- Release poster
- Directed by: S. D. Ramesh Selvan
- Produced by: T. R. Ravichandran
- Starring: Sathyaraj Tanikella Bharani Ajay Reddy Yazar Arafath
- Cinematography: P. Chandran
- Edited by: A. Marish
- Music by: F. S. Faizal
- Production company: Universal Productions
- Release date: 14 January 2014;
- Country: India
- Language: Tamil

= Kalavaram =

2014 Indian film by S. D. Ramesh Selvan

Kalavaram (Riot) is a 2014 Tamil film directed by S. D. Ramesh Selvan and produced by Ravichandran. The film features veteran actors Sathyaraj and Tanikella Bharani in the leading roles, while an ensemble cast of newcomers play other pivotal roles. The film, which had been in production since 2010, released on 14 January 2014.

==Plot==
Four college students find themselves entangled in the aftermath of devastating communal riots. As they attempt to seek justice for those affected, they end up being incarcerated. When a retired officer takes charge of an inquiry commission, the students band together with him to bring about justice and resolution to the community.

==Cast==

- Sathyaraj as DCP Vetriselvan
- Tanikella Bharani as Adi Moolam
- Raj Kapoor
- Mayilsamy as Mayilsamy
- Ajay Reddy
- Ragavender
- Yazar Arafath
- Kutti Ajay
- Sujibala
- Inbanila
- Lavanya
- Hethil
- Munnar Ramesh as Police Inspector
- Nandha Saravanan
- Pudhupettai Suresh
- Cheranraj
- Gaana Bala in a special appearance

==Production==
Ramesh Selvan, director of the films Ulavuthurai (1998) and Jananam (2004), announced that he would be making a comeback in early 2010, revealing that he was working a project titled Kalavaram with Sathyaraj in the lead role.

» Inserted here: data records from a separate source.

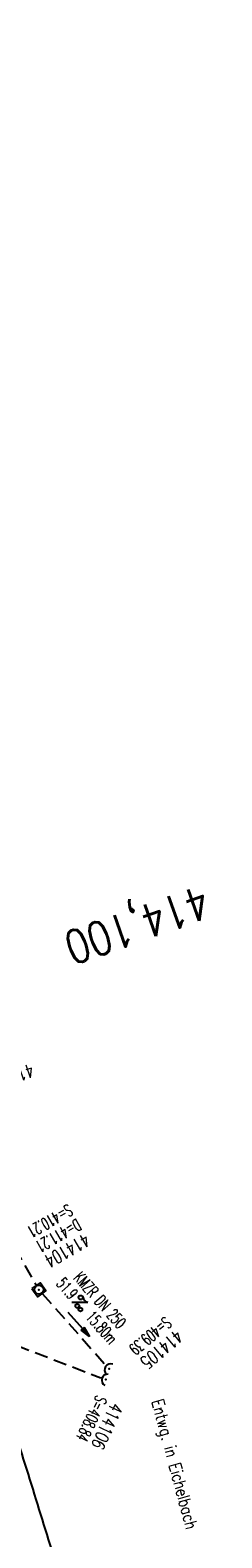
# Model space of a CAD drawing. Extents: x 447426 to 448116, y 440349 to 441552.
# Tile 14 of 21: x 447760 to 447788, y 441185 to 441411. Entities that reach past the tile are written whole.
import ezdxf
from ezdxf.enums import TextEntityAlignment as Align

# ---------------------------------------------------------------- set-up
doc = ezdxf.new("R2010")
doc.units = 0
doc.header["$LTSCALE"] = 2
doc.header["$MEASUREMENT"] = 0
for name, pattern in [('AUSGEZOGEN', [0]), ('GESTRICH-X2', [1.5, 1, -0.5]), ('GESTRICHELT', [0.75, 0.5, -0.25])]:
    doc.linetypes.add(name, pattern=pattern)
doc.layers.get('0').update_dxf_attribs({"linetype": 'AUSGEZOGEN'})
for name, color, linetype in [('FBR', 8, 'CONTINUOUS'), ('HEKTOM', 250, 'GESTRICHELT'), ('KANAL', 7, 'GESTRICH-X2'), ('PFEIL', 7, 'CONTINUOUS'), ('SCHACHTNR', 6, 'CONTINUOUS'), ('SCHLITZRINNE', 8, 'AUSGEZOGEN'), ('SCHRIFT', 7, 'AUSGEZOGEN'), ('SCHSYMBOL', 7, 'AUSGEZOGEN'), ('TEXTO', 4, 'CONTINUOUS'), ('TEXTU', 4, 'CONTINUOUS')]:
    doc.layers.add(name, color=color, linetype=linetype)
doc.styles.add('ROMANS', font='romans.shx', dxfattribs={"width": 0.8})

# ---------------------------------------------------------------- blocks, each defined once
blk = doc.blocks.new('40')
at = {"color": 0}
blk.add_arc((0.02, 0.31), 0.91, 192.5363, 347.4637, dxfattribs=at)
blk.add_point((0, 0), dxfattribs=at)
blk = doc.blocks.new('PROM')
blk.add_line((1.57, 1.82), (0.02, 0.02))
for centre, radius in [((0.32, 1.51), 0.317), ((0.94, 0.29), 0.283), ((1.64, 0.29), 0.283)]:
    blk.add_circle(centre, radius)
blk.add_arc((0.99, 2.68), 1.03, 239.1414, 303.3549)
blk = doc.blocks.new('PFEIL2')
at = {"color": 0}
for p, q in [((0.88, 0), (-2.4, -0.01)), ((0.88, -0.27), (0.88, 0.28)), ((0.88, 0.28), (2.43, 0.01)), ((0.91, 0.27), (0.88, 0.26)), ((0.97, 0.26), (0.88, 0.25)), ((1.02, 0.25), (0.88, 0.23)), ((1.07, 0.24), (0.88, 0.21)), ((1.13, 0.23), (0.88, 0.19)), ((1.18, 0.22), (0.88, 0.17)), ((1.24, 0.21), (0.88, 0.15)), ((1.29, 0.21), (0.88, 0.14)), ((1.34, 0.2), (0.88, 0.12)), ((1.4, 0.19), (0.88, 0.1)), ((1.45, 0.18), (0.88, 0.08)), ((1.51, 0.17), (0.88, 0.06)), ((1.56, 0.16), (0.88, 0.04)), ((1.61, 0.15), (0.88, 0.02)), ((1.67, 0.14), (0.88, 0.01)), ((1.72, 0.13), (0.88, -0.01)), ((1.78, 0.12), (0.88, -0.03)), ((1.83, 0.11), (0.88, -0.05)), ((1.88, 0.1), (0.88, -0.07)), ((1.94, 0.09), (0.88, -0.09)), ((2.05, 0.08), (0.88, -0.12)), ((1.99, 0.08), (0.88, -0.11)), ((2.1, 0.07), (0.88, -0.14)), ((2.15, 0.06), (0.88, -0.16)), ((2.21, 0.05), (0.88, -0.18)), ((2.26, 0.04), (0.88, -0.2)), ((2.32, 0.03), (0.88, -0.22)), ((2.37, 0.02), (0.88, -0.23)), ((2.42, 0.01), (0.88, -0.25)), ((2.43, 0.01), (0.88, -0.27))]:
    blk.add_line(p, q, dxfattribs=at)
blk = doc.blocks.new('20')
blk.add_lwpolyline([(-0.75, -0.75), (0.75, -0.75), (0.75, 0.75), (-0.75, 0.75)], close=True)
blk.add_circle((0, 0), 0.676)
blk.add_point((0, 0))

msp = doc.modelspace()

# ---------------------------------------------------------------- linework, layer by layer
at = {"layer": 'FBR'}
for points in [[(447634.14, 441473.27, 0.00001), (447641.34, 441457, 0.000017), (447645.44, 441447.72), (447653.96, 441428.44, -0.00021), (447659.22, 441416.54, -0.000083), (447661.87, 441410.52, -0.000103), (447665.16, 441403.06, -0.000892), (447665.83, 441401.53, -0.000138), (447670.14, 441391.63, -0.002137), (447678.11, 441373.1, -0.002233), (447685.59, 441355.3, -0.003057), (447692.73, 441337.75, -0.002736), (447700.49, 441318.06, -0.000329), (447703.17, 441311.14, -0.000855), (447704.2, 441308.47, -0.001627), (447706.53, 441302.31, -0.000795), (447711.24, 441289.67, -0.002189), (447714.99, 441279.45, -0.001287), (447721.23, 441262.02, -0.000547), (447730.25, 441236.1, -0.003942), (447737.66, 441213.75, -0.00058), (447740.27, 441205.65, -0.000836), (447742.06, 441200.03, -0.001593), (447748.38, 441179.84, -0.002312)], [(447671.19, 441426.15), (447679.87, 441406.45, -0.000188), (447679.98, 441406.21, -0.000015), (447681.29, 441403.2, -0.001781), (447685.21, 441394.21, -0.001137), (447691.26, 441380.09, -0.001972), (447695.57, 441369.84, -0.001557), (447700.95, 441356.82, -0.001551), (447705.68, 441345.15, -0.001548), (447710.35, 441333.42, -0.001549), (447714.94, 441321.67, -0.001552), (447719.45, 441309.92, -0.001559), (447723.9, 441298.12, -0.001558), (447728.27, 441286.3, -0.001552), (447732.56, 441274.46, -0.001549), (447736.79, 441262.57, -0.00155), (447740.95, 441250.65, -0.001555), (447745.02, 441238.74, -0.001556), (447749.01, 441226.8, -0.001552), (447752.95, 441214.81, -0.001551), (447756.81, 441202.79, -0.001553), (447760.58, 441190.78, -0.001556), (447764.28, 441178.73, -0.001556)]]:
    msp.add_lwpolyline(points, format="xyb", dxfattribs=at)
at = {"layer": 'FBR', "flags": 128}
msp.add_lwpolyline([(447723.72, 441242.57, -0.001756), (447731.02, 441220.9, -0.004345), (447733.86, 441212.11, -0.000176), (447748.04, 441166.87, -0.002653), (447748.97, 441163.87, -0.003786), (447755.82, 441140.5, -0.003621), (447762.61, 441115.97, -0.002929), (447763.56, 441112.39, -0.000215), (447776.06, 441063.62, -0.004583), (447778.03, 441055.65, -0.001718), (447783, 441034.3)], format="xyb", dxfattribs=at)
at = {"layer": 'KANAL'}
for p, q in [((447743.84, 441251.69), (447760.66, 441222.81)), ((447701.66, 441235.38), (447770.31, 441208.97)), ((447761.53, 441221.59), (447771, 441210.88))]:
    msp.add_line(p, q, dxfattribs=at)
at = {"layer": 'SCHLITZRINNE', "flags": 128}
msp.add_lwpolyline([(447634.14, 441473.27, 0.00001), (447641.34, 441457, 0.000017), (447645.44, 441447.72), (447653.96, 441428.44, -0.00021), (447659.22, 441416.54, -0.000185), (447665.16, 441403.06, -0.000892), (447665.83, 441401.53, -0.000138), (447670.14, 441391.63, -0.002137), (447678.11, 441373.1, -0.002233), (447685.59, 441355.3, -0.003057), (447692.73, 441337.75, -0.002736), (447700.49, 441318.06, -0.000329), (447703.17, 441311.14, -0.000855), (447704.2, 441308.47, -0.001627), (447706.53, 441302.31, -0.000795), (447711.24, 441289.67, -0.002189), (447714.99, 441279.45, -0.001287), (447721.23, 441262.02, -0.000547), (447730.25, 441236.1, -0.003942), (447737.66, 441213.75, -0.00058), (447740.27, 441205.65, -0.000836), (447742.06, 441200.03, -0.001593), (447748.38, 441179.84, -0.002312), (447752.62, 441165.9, -0.00116), (447754.55, 441159.4, -0.00096), (447756.85, 441151.55, -0.001951), (447761.74, 441134.45, -0.001979), (447766.42, 441117.56, -0.001008), (447768.19, 441111.06, -0.000825), (447770.32, 441103.1, -0.00267), (447775.5, 441083.13, -0.002924), (447780.03, 441064.85, -0.000747), (447780.12, 441064.5, -0.000021), (447783.07, 441052.11, -0.002667), (447785.21, 441042.93, -0.001737), (447788.36, 441028.8)], format="xyb", dxfattribs=at)

# ---------------------------------------------------------------- block references
at = {"layer": 'PFEIL', "rotation": 311.5618999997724}
msp.add_blockref('PFEIL2', (447766.99, 441216.95), dxfattribs=at)
at = {"layer": 'SCHSYMBOL'}
for name, p, rotation in [('20', (447761.03, 441222.15), 305.4661994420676), ('40', (447771.51, 441210.33), 237.3037875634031), ('40', (447771.03, 441208.71), 254.0086897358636)]:
    msp.add_blockref(name, p, dxfattribs=dict(at, rotation=rotation))
at = {"layer": 'TEXTU', "rotation": 311.5618999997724}
msp.add_blockref('PROM', (447765.93, 441220.23), dxfattribs=at)

# ---------------------------------------------------------------- texts
at = {"layer": 'HEKTOM', "style": 'ROMANS', "width": 0.8}
msp.add_text('414,100', height=5, rotation=199.4005, dxfattribs=at).set_placement((447785.43, 441282.81))
at = {"layer": 'SCHACHTNR', "style": 'ROMANS'}
for s, height, rotation, width, p in [('414103', 2, 199.0656, 0.7, (447759.88, 441256.02)), ('S=410.21', 1.8, 210.0036, 0.6, (447765.39, 441235.03)), ('D=411.21', 1.8, 210.0036, 0.6, (447766.66, 441232.83)), ('414104', 2, 210.0036, 0.7, (447767.91, 441230.67)), ('S=409.39', 1.8, 219.7077, 0.6, (447779.9, 441218.22)), ('414105', 2, 219.7077, 0.7, (447781.53, 441216.28)), ('S=408.84', 1.8, 244.3953, 0.6, (447769.66, 441206.49)), ('414106', 2, 244.3953, 0.7, (447771.9, 441205.4))]:
    msp.add_text(s, height=height, rotation=rotation, dxfattribs=dict(at, width=width)).set_placement(p)
at = {"layer": 'SCHRIFT', "style": 'ROMANS', "width": 0.8}
msp.add_text('Entwg. in Eichelbach', height=1.8, rotation=285.1185, dxfattribs=at).set_placement((447777.83, 441205.48))
at = {"layer": 'TEXTO', "style": 'ROMANS', "width": 0.6}
msp.add_text('KMZR DN 250', height=1.8, rotation=311.5619, dxfattribs=at).set_placement((447769.48, 441220.01), align=Align.CENTER)
at = {"layer": 'TEXTU', "style": 'ROMANS', "width": 0.6}
for s, p in [('51.9', (447763.51, 441222.96)), ('15.80m', (447767.91, 441217.99))]:
    msp.add_text(s, height=1.8, rotation=311.5619, dxfattribs=at).set_placement(p)

doc.saveas('drawing.dxf')

He noted that he had taken an extended break as his previous film, Runway with Prashanth, had run into financial problems. Kalavaram was revealed to be based on a true story, that of the biggest riot that has ever taken place in Tamil Nadu, with Sathyaraj playing a deputy police commissioner who heads an investigation commission. The soundtrack of the film was released at an event in Chennai in September 2011, with composer Faizal noting that there were only two songs in the film.

The release of the film was pushed back several times, leaving the project which began in 2010, in development hell. Plans to release the film in August 2013 were also unsuccessful due to a high number of other films seeking theatres for release.

==Music==
The music was composed by F. S. Faizal.

Track listing
| No. | Title | Lyrics | Singer(s) | Length |
|---|---|---|---|---|
| 1. | "Choyyan Choyyan" | Snehan | Naveen | 4:42 |
| 2. | "Engaeyum Eppothum" | Viveka | Naveen, P. Keerthan, Sam, Mano Tangi, Vijayanthi, Seelima Balaji, F. S. Faizal | 5:10 |
| Total length: |  |  |  | 9:52 |

==Release==
The film finally released on 14 January 2014 coinciding with the Tamil festival of Thai Pongal. It opened to mixed reviews, with a critic from The Hindu noting the film has a "messy plot" and that it "never becomes anything more than a generic action movie, with generally underwhelming performances and staging". A critic from the New Indian Express noted the film is "interesting in parts" and "a more coherent screenplay and consistency in treatment could have made it an engaging fare."